Cunaeus wrote at the peak of Protestant interest in Jewish texts for their political as well as religious authority. He was among the leading Christian scholars of Jewish texts of a generation that included the Frenchman Joseph Scaliger, Hugo Grotius, and Bonaventure Vulcanius in the Netherlands, Johannes Buxtorf, father and son in Germany and; England, John Selden and Daniel Heinsius in England. Cunaeus also corresponded with such contemporary Jewish scholars as Menasseh ben Israel.

==The Hebrew Republic==
Cunaeus is best remembered for his book De Republica Hebraeorum (also known as Respublica Hebraeorum and The Hebrew Republic) in which he described the ancient Hebrew kingdom as a model of republican government. The work was highly acclaimed and published in at least seven editions between 1617 and 1700. It was translated into Dutch, French and English. There had already been dozen books and essays by other authors with the same title. “ Cunaeus’ effort stood apart, for the first time presenting the Israelite state of the First Temple period, and especially the united monarchy under Saul, David, and Solomon, as a practical model for the newly independent United Provinces.”
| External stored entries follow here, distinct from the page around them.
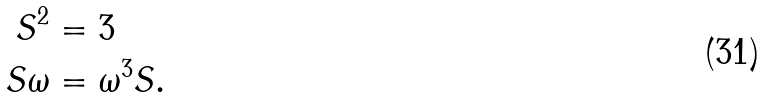<formula> <loc_0><loc_0><loc_500><loc_500>S ^ { 2 } & = 3 \\ S \omega & = \omega ^ { 3 } S .</formula> 
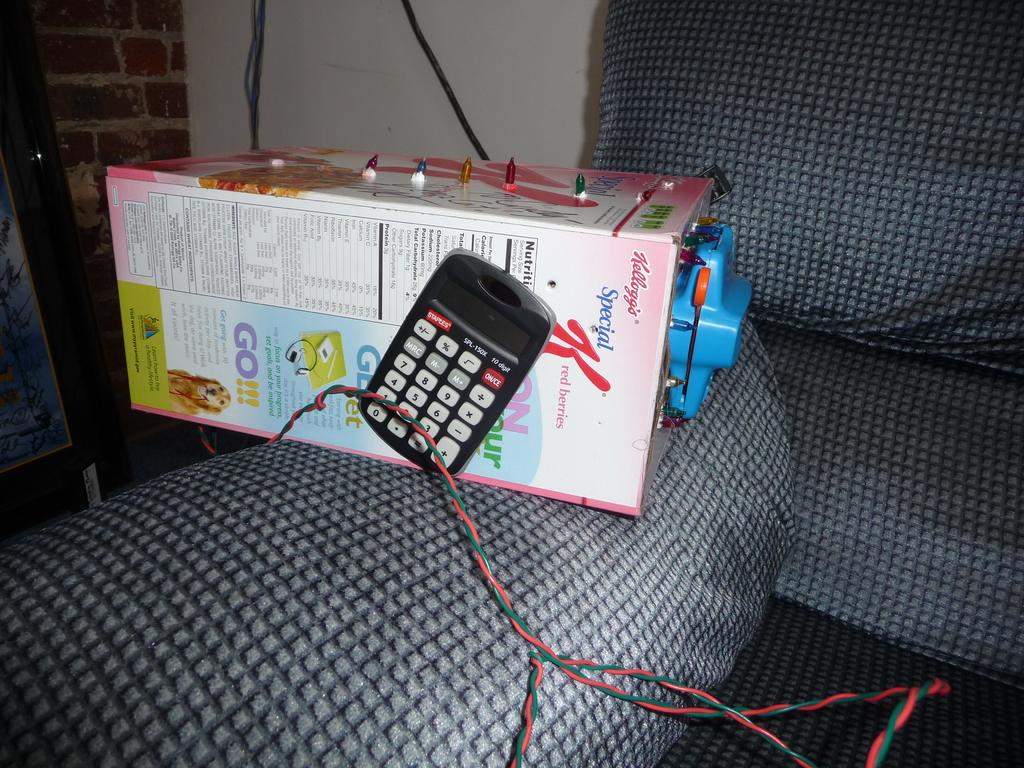What is on the sofa in the image? There is an object on the sofa in the image. What can be seen in the background of the image? There is a wall in the background of the image. What type of object is on the left side of the image? There is a wooden object on the left side of the image. Who is giving a birthday kiss to the authority figure in the image? There is no birthday, kiss, or authority figure present in the image. 
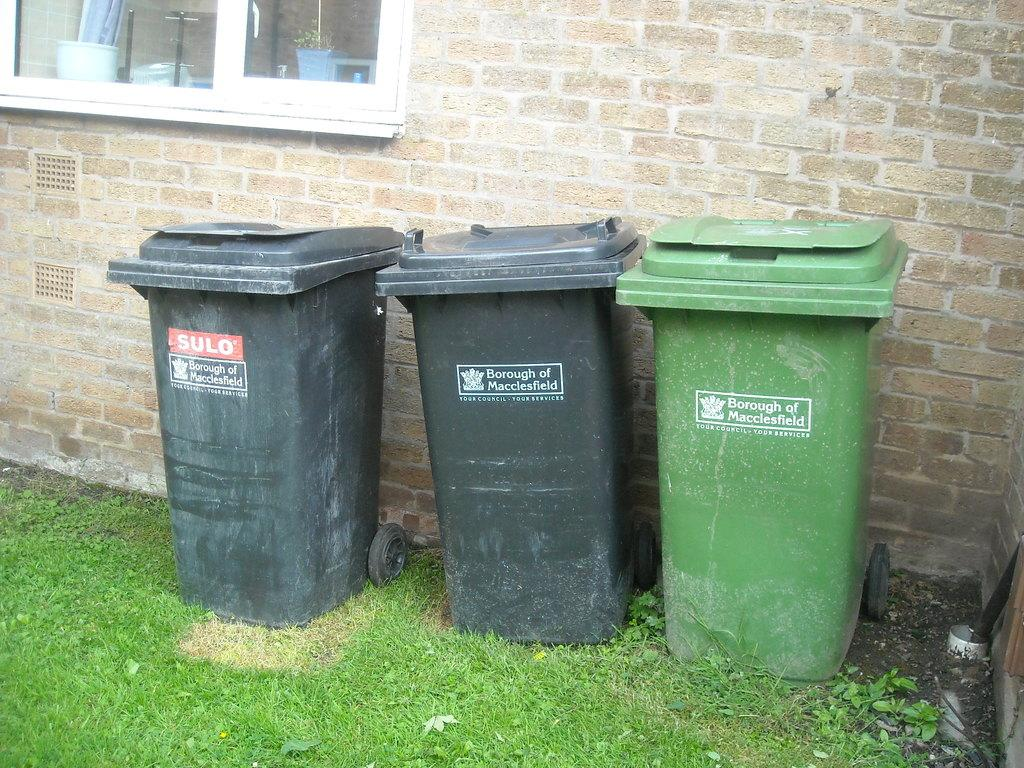Provide a one-sentence caption for the provided image. Three trash bins, all are marked Borough of Macclesfield. 
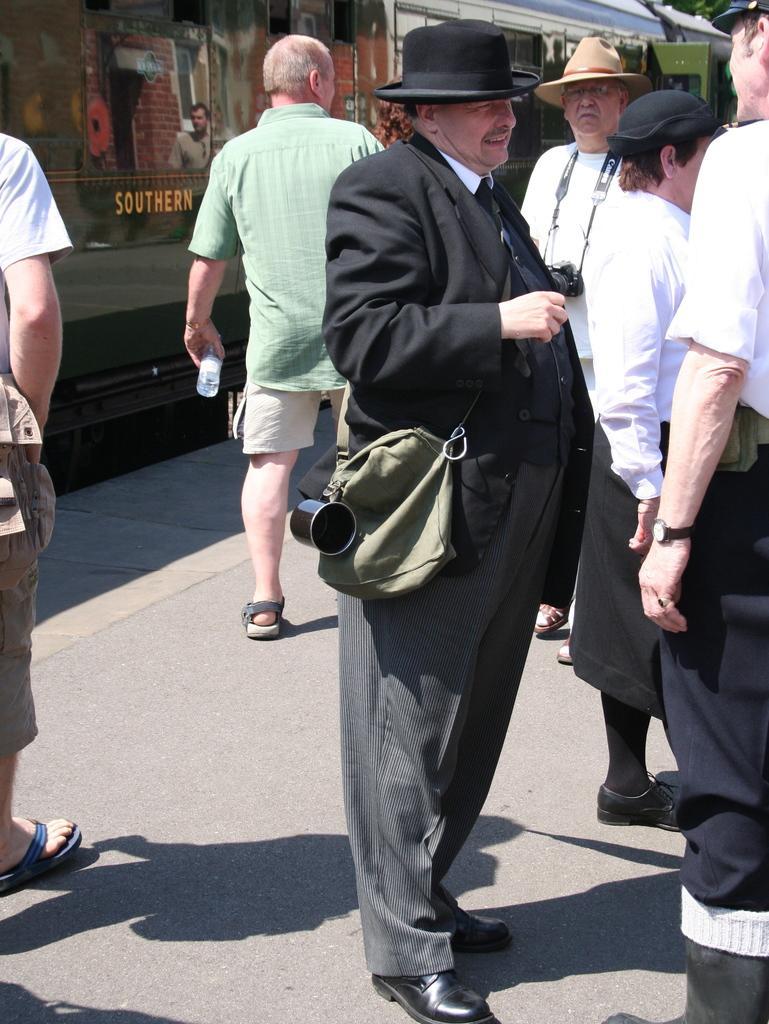How would you summarize this image in a sentence or two? This image is clicked on the road. There are a few men standing on the road. In the center there is a man standing on the road. He is wearing a hat and a bag. Behind them there are houses. There are pictures and text on the walls.

For Cunaeus the Bible was a legal and juridical model for the functioning of an independent state. For Cunaeus, who was the leading expert of his era on Josephus,
Josephus' Jewish Antiquities and Contra Apion, as well as Maimonides' Mishneh Torah, the Talmud, and the Bible together provided information demonstrating that Hebrew State was of a higher order than the Greek or Roman states. “Because its god was the true God… the Hebrew state could function as an archetype for the ideal republic. Its laws corresponded to natural law, and its social spirit flowed directly from the divine imperative of justice. This state was neither a monarchy nor an oligarchy nor a democracy, but a republic, whose senate—the Sanhedrin—and magistrates, including judges and priests, enforced and executed divinely ordained laws in ordinary civic situations. “

Cunaeus's understanding of the Hebrew State as a federal republic directly influenced the formation of the government of the Dutch Republic. It was not, however, a republic of the common man that Cunaeus wished for the Dutch, but a republic modeled on an imagined ancient Hebrew republic in which the Sanhedrin was composed of "men, not chosen from among the Plebeians, but all most noble, commended by their honourable parentage, and the ancient ornaments of their family." The Hebrew kings, were constitutional monarchs, beholden to the legislature, with the special power of holding power over the religious affairs of the nation.

Cunaeus was concerned that the Dutch Republic might fall as Athens and Rome had fallen, as a result of high living and selfish bickering among the leadership. As a model for his nation that would prevent such a calamity, he described a Hebrew republic in which "the counsels of all provided for the safety of all; and the Cities, which were many, did not every one aim at its own dominion, but all used their best endeavors to defend the public Liberty."

The Hebrew Republic, as Cunaeus saw it, was a virtuous community of republican small-hold farmers, kept that way by the Biblical law that every fiftieth (Jubilee) year all land transactions become null with the property returning to the family of the original owner. In this way, "all were equally provided for; which is the prime care of good Governours in every common-wealth," a system that insures that "the wealth of some might not lead to the oppression of the rest; nor the people change their course, and turn their minds form their innocent labors to any new and strange employment." For Cunaeus, manufacturing and commerce led to moral corruption of all kinds, the collapse of virtuous republican government among them. Virtue was equated with material simplicity, small-hold farmers, and an egalitarian distribution of wealth.

Cunaeus closed the book with an appeal for tolerance and sympathy towards contemporary Jews.